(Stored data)
—————
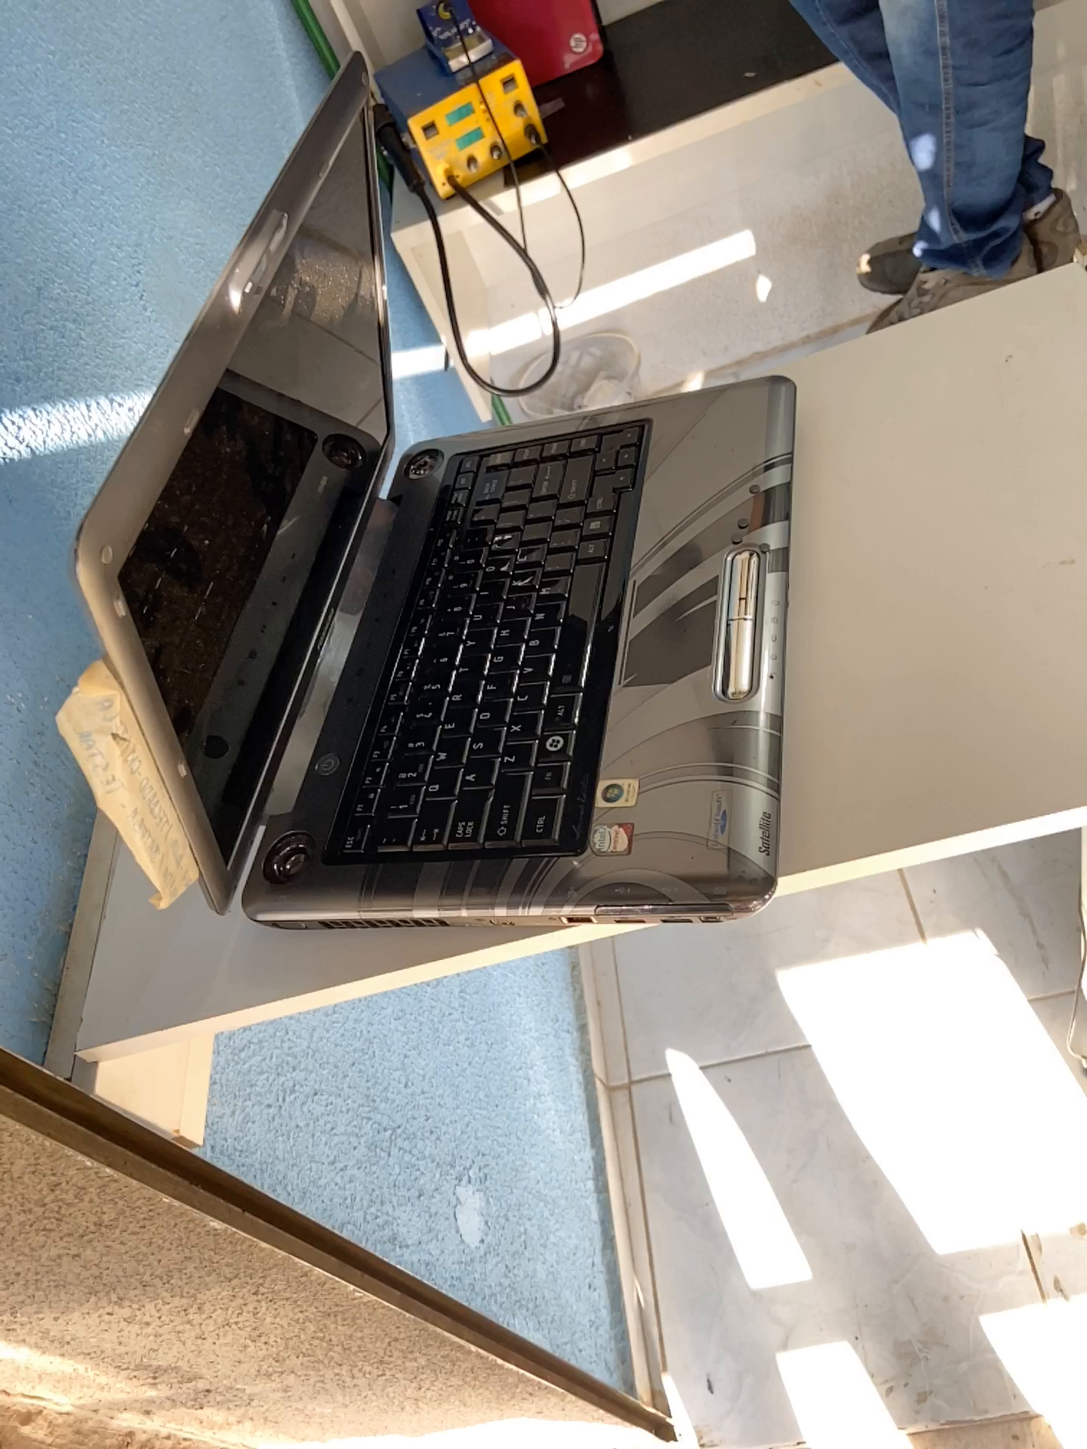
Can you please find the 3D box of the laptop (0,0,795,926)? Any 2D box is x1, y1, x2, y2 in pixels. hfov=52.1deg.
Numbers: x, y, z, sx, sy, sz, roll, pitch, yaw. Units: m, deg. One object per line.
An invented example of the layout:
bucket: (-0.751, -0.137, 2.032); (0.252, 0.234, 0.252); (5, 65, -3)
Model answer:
laptop: (-0.039, -0.124, 0.527); (0.258, 0.235, 0.360); (-5, 51, 22)
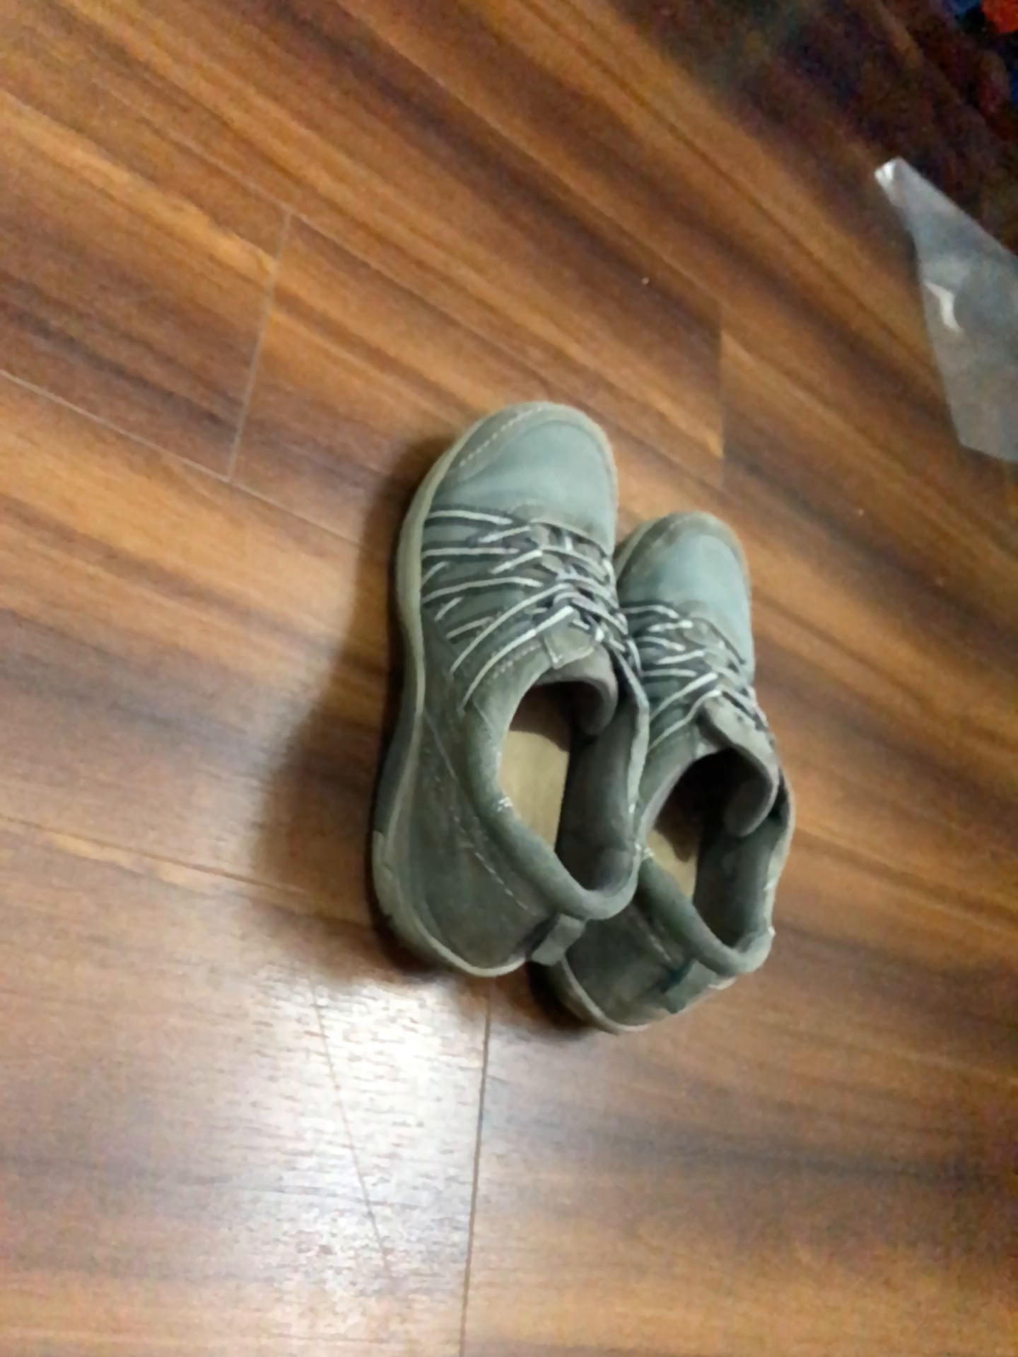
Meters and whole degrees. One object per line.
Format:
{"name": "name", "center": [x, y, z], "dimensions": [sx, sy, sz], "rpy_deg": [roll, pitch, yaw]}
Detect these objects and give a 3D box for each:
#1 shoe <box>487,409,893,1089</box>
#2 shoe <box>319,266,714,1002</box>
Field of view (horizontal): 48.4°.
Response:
{"name": "shoe", "center": [0.094, 0.028, 0.520], "dimensions": [0.100, 0.109, 0.281], "rpy_deg": [34, 52, -27]}
{"name": "shoe", "center": [0.012, -0.018, 0.487], "dimensions": [0.100, 0.109, 0.281], "rpy_deg": [25, 57, -33]}
—————
▶ **What you will do**:
Retype the lines above exactly, no pictures.

▶ **Response to the task**:
Can you please find the 3D box of the laptop (0,0,795,926)? Any 2D box is x1, y1, x2, y2 in pixels. hfov=52.1deg.
Numbers: x, y, z, sx, sy, sz, roll, pitch, yaw. Units: m, deg. One object per line.
An invented example of the layout:
bucket: (-0.751, -0.137, 2.032); (0.252, 0.234, 0.252); (5, 65, -3)
Model answer:
laptop: (-0.039, -0.124, 0.527); (0.258, 0.235, 0.360); (-5, 51, 22)
Meters and whole degrees. One object per line.
Format:
{"name": "name", "center": [x, y, z], "dimensions": [sx, sy, sz], "rpy_deg": [roll, pitch, yaw]}
Detect these objects and give a 3D box for each:
#1 shoe <box>487,409,893,1089</box>
#2 shoe <box>319,266,714,1002</box>
Field of view (horizontal): 48.4°.
Response:
{"name": "shoe", "center": [0.094, 0.028, 0.520], "dimensions": [0.100, 0.109, 0.281], "rpy_deg": [34, 52, -27]}
{"name": "shoe", "center": [0.012, -0.018, 0.487], "dimensions": [0.100, 0.109, 0.281], "rpy_deg": [25, 57, -33]}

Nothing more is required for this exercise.